=== DATA TO EXAMINE ===

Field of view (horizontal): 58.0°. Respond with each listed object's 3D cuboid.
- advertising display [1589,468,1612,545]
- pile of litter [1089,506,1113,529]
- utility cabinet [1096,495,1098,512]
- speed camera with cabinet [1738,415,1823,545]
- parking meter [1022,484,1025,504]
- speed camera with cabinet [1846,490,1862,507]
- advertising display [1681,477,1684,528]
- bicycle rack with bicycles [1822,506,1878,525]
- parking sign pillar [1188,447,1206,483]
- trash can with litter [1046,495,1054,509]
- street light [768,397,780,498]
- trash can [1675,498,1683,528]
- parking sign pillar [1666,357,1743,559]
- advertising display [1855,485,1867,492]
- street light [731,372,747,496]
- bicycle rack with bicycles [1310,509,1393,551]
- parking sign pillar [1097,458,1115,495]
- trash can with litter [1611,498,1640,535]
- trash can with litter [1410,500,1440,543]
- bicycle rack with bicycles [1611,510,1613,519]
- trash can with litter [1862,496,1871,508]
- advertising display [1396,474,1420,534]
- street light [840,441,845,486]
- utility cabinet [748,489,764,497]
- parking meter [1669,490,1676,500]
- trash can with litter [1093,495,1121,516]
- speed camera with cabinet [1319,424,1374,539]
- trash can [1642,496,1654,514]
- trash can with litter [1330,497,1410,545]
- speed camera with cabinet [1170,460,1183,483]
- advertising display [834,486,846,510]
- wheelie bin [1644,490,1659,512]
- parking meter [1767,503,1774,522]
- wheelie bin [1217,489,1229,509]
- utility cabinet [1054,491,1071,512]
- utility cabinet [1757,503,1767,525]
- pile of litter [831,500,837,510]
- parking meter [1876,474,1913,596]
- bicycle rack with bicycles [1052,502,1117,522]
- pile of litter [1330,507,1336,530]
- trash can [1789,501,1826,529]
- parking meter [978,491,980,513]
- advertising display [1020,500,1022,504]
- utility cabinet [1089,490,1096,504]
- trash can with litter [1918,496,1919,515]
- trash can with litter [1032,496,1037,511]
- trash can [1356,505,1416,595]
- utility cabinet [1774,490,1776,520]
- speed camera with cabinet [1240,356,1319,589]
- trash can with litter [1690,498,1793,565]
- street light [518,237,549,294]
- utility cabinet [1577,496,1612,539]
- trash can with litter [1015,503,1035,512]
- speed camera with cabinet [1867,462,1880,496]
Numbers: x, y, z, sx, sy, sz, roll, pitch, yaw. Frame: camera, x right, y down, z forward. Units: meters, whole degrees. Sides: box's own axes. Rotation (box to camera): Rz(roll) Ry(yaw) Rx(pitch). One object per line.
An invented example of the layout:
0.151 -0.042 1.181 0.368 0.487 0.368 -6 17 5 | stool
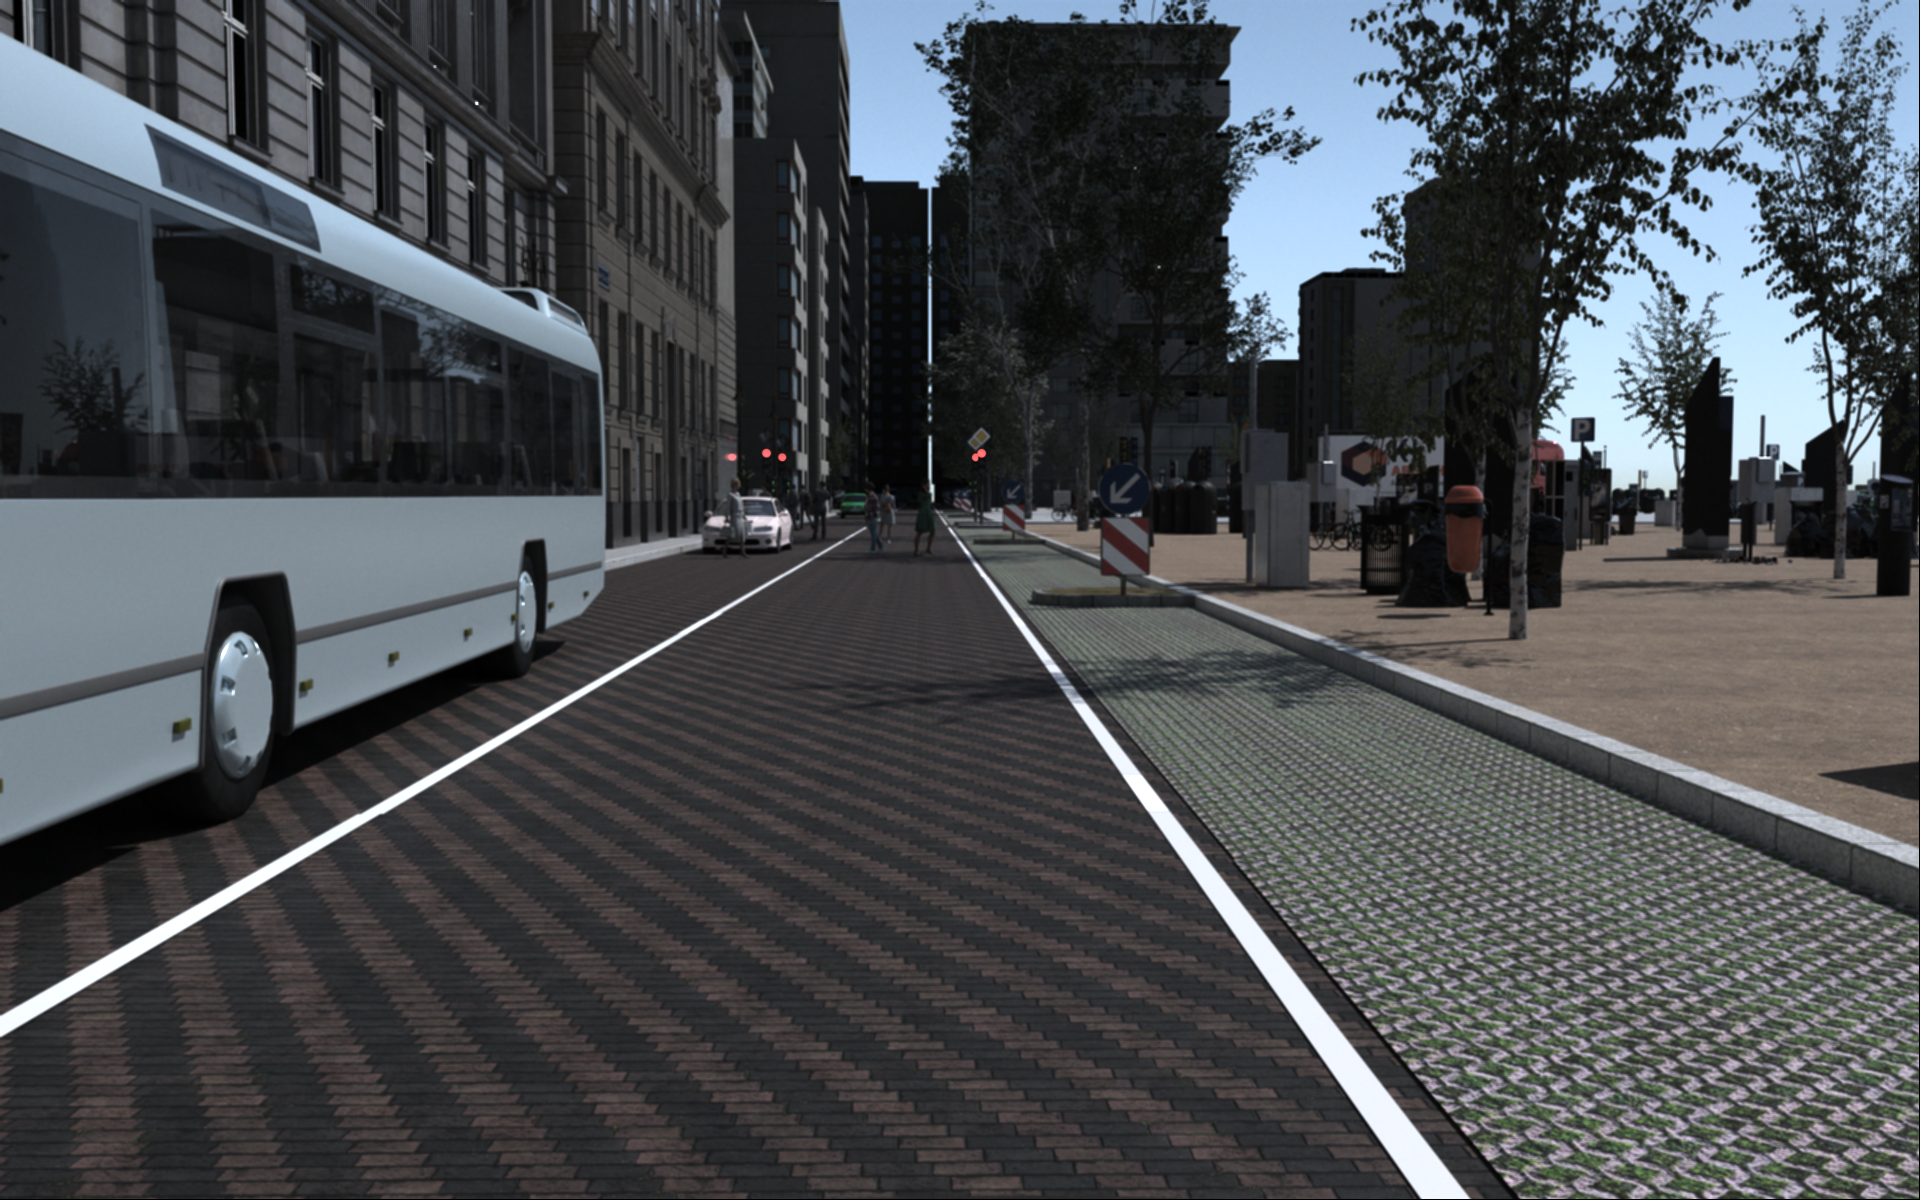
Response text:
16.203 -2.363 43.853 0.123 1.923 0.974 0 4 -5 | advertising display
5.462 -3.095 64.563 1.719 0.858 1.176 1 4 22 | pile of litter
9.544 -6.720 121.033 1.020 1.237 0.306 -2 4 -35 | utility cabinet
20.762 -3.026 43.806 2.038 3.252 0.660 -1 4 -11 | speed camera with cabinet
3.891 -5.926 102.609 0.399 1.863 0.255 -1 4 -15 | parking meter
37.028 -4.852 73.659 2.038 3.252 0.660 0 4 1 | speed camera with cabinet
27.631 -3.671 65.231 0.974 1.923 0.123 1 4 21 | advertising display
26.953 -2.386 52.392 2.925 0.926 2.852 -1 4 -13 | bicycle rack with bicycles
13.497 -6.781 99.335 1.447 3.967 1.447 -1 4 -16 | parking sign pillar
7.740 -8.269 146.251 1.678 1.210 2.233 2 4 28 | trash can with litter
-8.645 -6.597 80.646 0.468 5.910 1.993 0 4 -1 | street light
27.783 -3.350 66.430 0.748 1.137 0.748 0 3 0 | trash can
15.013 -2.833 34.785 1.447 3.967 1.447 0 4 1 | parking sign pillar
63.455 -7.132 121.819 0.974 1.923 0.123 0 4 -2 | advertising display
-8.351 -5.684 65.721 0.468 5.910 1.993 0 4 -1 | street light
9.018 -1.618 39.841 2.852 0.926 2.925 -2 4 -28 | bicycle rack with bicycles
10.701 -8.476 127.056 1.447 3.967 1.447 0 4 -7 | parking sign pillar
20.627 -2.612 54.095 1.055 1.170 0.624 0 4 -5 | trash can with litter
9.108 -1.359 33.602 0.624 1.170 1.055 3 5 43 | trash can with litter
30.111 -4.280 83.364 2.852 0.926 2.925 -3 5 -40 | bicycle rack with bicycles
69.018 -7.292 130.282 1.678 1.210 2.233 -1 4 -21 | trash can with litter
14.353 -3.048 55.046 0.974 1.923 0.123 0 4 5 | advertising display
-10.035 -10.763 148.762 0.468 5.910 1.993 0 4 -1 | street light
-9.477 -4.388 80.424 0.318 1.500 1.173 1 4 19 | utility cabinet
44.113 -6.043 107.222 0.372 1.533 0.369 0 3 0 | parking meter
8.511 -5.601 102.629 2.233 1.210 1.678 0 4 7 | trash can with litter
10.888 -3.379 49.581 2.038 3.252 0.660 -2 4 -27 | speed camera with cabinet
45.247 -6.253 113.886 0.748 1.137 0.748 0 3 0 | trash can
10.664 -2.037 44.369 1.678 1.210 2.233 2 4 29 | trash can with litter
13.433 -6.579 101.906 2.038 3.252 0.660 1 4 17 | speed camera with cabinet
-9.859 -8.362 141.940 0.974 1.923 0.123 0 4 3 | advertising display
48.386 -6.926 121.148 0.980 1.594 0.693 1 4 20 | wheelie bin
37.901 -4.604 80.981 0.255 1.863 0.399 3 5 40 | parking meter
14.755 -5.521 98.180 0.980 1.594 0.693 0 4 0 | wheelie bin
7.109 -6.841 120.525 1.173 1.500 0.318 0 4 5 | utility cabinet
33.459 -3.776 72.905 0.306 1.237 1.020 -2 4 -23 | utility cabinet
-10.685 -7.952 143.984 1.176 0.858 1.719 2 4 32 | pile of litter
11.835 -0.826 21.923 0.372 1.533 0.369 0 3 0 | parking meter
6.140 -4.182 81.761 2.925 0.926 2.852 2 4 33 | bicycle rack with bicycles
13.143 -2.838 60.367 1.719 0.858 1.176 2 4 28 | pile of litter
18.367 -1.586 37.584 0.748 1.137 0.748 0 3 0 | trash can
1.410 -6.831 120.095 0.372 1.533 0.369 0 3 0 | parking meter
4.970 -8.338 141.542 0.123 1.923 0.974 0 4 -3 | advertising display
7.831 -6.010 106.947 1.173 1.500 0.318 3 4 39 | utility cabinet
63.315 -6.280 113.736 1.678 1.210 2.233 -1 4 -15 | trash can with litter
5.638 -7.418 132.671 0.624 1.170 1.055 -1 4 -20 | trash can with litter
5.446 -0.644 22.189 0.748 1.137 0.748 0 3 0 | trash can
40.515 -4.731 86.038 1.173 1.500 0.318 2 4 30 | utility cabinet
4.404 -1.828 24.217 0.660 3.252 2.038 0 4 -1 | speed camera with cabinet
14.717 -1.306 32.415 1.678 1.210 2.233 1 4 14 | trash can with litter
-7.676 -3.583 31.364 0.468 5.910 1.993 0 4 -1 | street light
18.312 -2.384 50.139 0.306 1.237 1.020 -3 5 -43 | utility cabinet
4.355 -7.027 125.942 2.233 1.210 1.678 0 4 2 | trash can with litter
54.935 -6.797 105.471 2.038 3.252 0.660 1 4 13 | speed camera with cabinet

===
=== DATA TO EXAMINE ===

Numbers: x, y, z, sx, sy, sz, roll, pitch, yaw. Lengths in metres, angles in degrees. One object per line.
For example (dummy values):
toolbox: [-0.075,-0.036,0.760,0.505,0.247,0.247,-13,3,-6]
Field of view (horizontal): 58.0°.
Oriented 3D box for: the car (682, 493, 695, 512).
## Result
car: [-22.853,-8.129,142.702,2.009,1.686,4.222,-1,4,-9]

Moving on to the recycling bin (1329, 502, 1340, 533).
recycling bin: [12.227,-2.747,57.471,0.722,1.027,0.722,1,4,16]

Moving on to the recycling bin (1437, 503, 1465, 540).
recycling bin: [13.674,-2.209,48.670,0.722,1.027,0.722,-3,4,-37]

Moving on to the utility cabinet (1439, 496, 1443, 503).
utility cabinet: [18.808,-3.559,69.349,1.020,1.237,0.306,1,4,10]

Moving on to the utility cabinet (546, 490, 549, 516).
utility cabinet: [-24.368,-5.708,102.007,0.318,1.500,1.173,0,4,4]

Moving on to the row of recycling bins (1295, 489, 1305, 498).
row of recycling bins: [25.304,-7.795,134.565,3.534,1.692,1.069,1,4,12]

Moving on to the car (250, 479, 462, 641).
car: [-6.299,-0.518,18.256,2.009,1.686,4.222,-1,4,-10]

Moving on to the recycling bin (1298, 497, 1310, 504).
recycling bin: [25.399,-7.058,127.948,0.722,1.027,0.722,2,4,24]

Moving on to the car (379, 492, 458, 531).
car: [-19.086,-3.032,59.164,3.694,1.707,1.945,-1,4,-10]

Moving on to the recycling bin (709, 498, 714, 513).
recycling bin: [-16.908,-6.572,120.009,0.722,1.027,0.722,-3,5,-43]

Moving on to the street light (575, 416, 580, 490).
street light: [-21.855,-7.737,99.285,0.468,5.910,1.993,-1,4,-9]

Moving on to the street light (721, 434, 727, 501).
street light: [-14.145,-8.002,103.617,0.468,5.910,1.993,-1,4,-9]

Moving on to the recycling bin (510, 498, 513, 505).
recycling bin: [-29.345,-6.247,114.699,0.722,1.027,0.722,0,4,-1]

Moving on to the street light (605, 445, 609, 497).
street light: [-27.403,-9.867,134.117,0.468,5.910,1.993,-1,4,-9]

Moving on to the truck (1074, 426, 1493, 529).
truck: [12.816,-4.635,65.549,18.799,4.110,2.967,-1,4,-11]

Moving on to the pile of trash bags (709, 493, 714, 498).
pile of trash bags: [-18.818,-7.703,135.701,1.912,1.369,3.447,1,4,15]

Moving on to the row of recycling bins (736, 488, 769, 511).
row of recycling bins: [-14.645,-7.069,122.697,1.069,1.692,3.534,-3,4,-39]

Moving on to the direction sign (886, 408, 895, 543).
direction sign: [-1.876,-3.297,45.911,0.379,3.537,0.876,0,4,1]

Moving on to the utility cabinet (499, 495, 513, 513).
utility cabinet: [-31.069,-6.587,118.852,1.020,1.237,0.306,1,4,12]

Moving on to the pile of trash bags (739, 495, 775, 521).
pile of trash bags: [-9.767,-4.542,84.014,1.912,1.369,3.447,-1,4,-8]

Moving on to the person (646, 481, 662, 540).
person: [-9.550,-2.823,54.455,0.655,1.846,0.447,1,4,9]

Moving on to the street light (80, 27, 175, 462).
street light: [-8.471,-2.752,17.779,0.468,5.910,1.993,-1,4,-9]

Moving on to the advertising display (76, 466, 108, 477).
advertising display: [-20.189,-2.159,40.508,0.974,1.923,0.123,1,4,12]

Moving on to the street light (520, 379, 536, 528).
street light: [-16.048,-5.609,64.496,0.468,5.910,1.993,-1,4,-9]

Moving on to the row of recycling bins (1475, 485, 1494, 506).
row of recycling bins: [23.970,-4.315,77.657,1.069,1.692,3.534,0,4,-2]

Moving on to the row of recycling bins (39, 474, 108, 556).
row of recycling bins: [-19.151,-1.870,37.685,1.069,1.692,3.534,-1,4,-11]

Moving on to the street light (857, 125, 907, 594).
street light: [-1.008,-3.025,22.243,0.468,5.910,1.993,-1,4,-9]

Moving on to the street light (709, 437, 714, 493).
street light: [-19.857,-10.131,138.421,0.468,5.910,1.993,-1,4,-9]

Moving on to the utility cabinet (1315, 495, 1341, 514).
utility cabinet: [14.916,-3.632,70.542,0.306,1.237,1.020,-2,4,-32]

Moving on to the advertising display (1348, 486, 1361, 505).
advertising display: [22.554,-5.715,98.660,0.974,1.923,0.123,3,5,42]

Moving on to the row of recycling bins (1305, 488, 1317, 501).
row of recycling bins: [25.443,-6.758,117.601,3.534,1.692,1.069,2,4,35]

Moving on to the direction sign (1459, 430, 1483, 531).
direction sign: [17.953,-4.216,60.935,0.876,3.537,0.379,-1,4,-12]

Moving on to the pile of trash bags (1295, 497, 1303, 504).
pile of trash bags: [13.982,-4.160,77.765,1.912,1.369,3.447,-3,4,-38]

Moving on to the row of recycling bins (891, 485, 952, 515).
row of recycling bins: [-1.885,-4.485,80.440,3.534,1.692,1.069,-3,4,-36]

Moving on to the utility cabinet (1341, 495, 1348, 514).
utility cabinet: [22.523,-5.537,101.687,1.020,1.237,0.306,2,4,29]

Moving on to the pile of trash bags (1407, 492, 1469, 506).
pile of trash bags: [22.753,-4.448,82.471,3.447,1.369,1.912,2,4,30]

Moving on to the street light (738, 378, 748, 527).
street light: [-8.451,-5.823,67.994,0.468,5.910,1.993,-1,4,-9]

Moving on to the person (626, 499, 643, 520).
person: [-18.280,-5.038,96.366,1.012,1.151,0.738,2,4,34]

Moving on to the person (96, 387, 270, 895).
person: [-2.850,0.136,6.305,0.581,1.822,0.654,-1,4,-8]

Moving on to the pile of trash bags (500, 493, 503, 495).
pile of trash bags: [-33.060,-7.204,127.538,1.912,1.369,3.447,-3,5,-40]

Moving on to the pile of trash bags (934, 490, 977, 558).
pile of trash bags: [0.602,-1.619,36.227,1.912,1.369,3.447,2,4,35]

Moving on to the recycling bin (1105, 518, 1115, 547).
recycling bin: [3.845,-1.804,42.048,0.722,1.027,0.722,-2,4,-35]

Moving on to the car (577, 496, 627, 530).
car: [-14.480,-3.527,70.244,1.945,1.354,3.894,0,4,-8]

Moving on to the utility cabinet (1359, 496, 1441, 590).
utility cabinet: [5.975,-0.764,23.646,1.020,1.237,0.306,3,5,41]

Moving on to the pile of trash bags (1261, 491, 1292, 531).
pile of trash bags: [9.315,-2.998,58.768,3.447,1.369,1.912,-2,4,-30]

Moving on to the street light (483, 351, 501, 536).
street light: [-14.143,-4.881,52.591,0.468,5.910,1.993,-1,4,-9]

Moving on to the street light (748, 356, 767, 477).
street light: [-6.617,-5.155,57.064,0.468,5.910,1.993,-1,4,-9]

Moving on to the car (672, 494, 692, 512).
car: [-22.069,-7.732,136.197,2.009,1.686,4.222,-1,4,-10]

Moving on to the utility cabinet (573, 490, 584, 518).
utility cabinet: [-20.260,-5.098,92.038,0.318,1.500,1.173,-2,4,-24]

===

* _WHAT THE TASK ASKS_
What is asked for is an exact copy of the lines above from the one containing "Field of view (horizontal): 58.0°. Respond" through the one containing "- speed camera with cabinet [1867,462,1880,496]", and only those.

* _ANSWER FOR THIS EXERCISE_
Field of view (horizontal): 58.0°. Respond with each listed object's 3D cuboid.
- advertising display [1589,468,1612,545]
- pile of litter [1089,506,1113,529]
- utility cabinet [1096,495,1098,512]
- speed camera with cabinet [1738,415,1823,545]
- parking meter [1022,484,1025,504]
- speed camera with cabinet [1846,490,1862,507]
- advertising display [1681,477,1684,528]
- bicycle rack with bicycles [1822,506,1878,525]
- parking sign pillar [1188,447,1206,483]
- trash can with litter [1046,495,1054,509]
- street light [768,397,780,498]
- trash can [1675,498,1683,528]
- parking sign pillar [1666,357,1743,559]
- advertising display [1855,485,1867,492]
- street light [731,372,747,496]
- bicycle rack with bicycles [1310,509,1393,551]
- parking sign pillar [1097,458,1115,495]
- trash can with litter [1611,498,1640,535]
- trash can with litter [1410,500,1440,543]
- bicycle rack with bicycles [1611,510,1613,519]
- trash can with litter [1862,496,1871,508]
- advertising display [1396,474,1420,534]
- street light [840,441,845,486]
- utility cabinet [748,489,764,497]
- parking meter [1669,490,1676,500]
- trash can with litter [1093,495,1121,516]
- speed camera with cabinet [1319,424,1374,539]
- trash can [1642,496,1654,514]
- trash can with litter [1330,497,1410,545]
- speed camera with cabinet [1170,460,1183,483]
- advertising display [834,486,846,510]
- wheelie bin [1644,490,1659,512]
- parking meter [1767,503,1774,522]
- wheelie bin [1217,489,1229,509]
- utility cabinet [1054,491,1071,512]
- utility cabinet [1757,503,1767,525]
- pile of litter [831,500,837,510]
- parking meter [1876,474,1913,596]
- bicycle rack with bicycles [1052,502,1117,522]
- pile of litter [1330,507,1336,530]
- trash can [1789,501,1826,529]
- parking meter [978,491,980,513]
- advertising display [1020,500,1022,504]
- utility cabinet [1089,490,1096,504]
- trash can with litter [1918,496,1919,515]
- trash can with litter [1032,496,1037,511]
- trash can [1356,505,1416,595]
- utility cabinet [1774,490,1776,520]
- speed camera with cabinet [1240,356,1319,589]
- trash can with litter [1690,498,1793,565]
- street light [518,237,549,294]
- utility cabinet [1577,496,1612,539]
- trash can with litter [1015,503,1035,512]
- speed camera with cabinet [1867,462,1880,496]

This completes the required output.